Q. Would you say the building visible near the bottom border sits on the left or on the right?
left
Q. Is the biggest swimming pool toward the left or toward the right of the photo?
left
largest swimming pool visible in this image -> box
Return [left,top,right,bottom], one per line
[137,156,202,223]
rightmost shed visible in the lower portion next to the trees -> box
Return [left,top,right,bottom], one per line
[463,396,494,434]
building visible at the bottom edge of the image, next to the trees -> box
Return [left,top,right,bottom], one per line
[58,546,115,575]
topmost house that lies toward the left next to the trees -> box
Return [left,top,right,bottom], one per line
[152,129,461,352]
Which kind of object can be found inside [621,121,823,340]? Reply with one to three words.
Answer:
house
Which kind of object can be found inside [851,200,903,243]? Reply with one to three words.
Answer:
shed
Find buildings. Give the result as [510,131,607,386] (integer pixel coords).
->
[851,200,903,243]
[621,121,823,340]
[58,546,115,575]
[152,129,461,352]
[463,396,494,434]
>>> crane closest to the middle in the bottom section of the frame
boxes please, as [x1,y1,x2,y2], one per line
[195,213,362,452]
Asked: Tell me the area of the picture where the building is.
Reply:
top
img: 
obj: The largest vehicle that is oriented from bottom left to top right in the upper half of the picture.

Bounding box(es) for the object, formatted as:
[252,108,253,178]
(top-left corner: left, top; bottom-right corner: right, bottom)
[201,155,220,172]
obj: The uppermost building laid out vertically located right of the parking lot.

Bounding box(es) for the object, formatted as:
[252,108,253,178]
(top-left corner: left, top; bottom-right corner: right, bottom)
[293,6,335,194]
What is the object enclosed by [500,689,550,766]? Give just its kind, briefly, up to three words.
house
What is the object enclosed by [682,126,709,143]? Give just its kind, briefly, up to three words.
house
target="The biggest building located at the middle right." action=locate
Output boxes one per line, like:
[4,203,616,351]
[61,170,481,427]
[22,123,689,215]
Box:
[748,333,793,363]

...

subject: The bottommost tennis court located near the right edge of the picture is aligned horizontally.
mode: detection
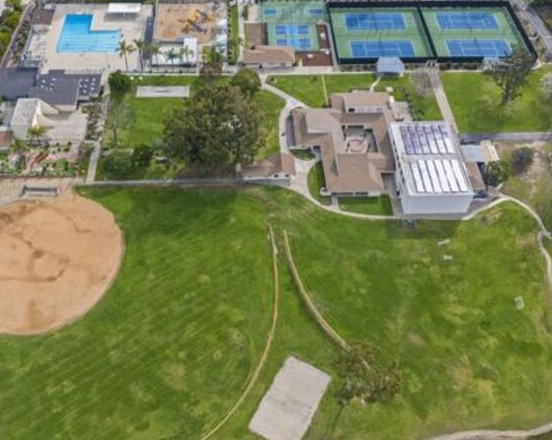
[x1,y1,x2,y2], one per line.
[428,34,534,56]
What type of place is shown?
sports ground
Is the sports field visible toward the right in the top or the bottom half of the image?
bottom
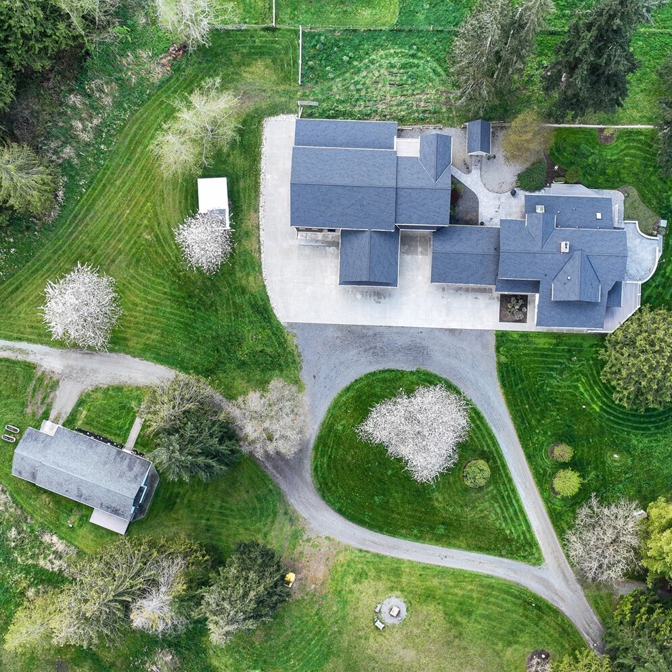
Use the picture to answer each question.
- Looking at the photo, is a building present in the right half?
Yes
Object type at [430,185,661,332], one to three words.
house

* * *

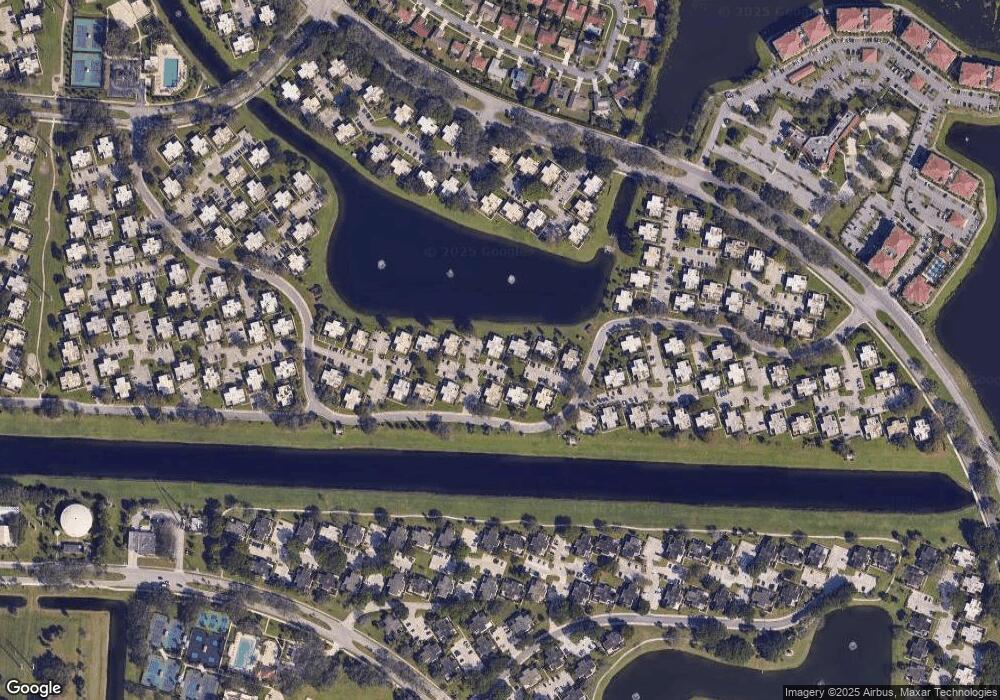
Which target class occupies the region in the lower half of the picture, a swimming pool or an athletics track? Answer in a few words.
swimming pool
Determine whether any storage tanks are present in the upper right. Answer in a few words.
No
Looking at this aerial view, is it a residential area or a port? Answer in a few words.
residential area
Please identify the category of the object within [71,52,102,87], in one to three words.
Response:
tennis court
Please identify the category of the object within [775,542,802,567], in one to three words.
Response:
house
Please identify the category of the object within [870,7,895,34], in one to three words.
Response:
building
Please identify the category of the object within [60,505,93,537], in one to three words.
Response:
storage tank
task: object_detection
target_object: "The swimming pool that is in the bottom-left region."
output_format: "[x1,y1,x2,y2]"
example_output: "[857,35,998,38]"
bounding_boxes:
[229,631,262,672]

_Task statement_. Could you restate word for word the lines above from the one containing "Q. Would you" through the one containing "largest swimming pool", both included, and nothing else?

_Written response_.
Q. Would you say the building visible near the bottom border sits on the left or on the right?
left
Q. Is the biggest swimming pool toward the left or toward the right of the photo?
left
largest swimming pool visible in this image -> box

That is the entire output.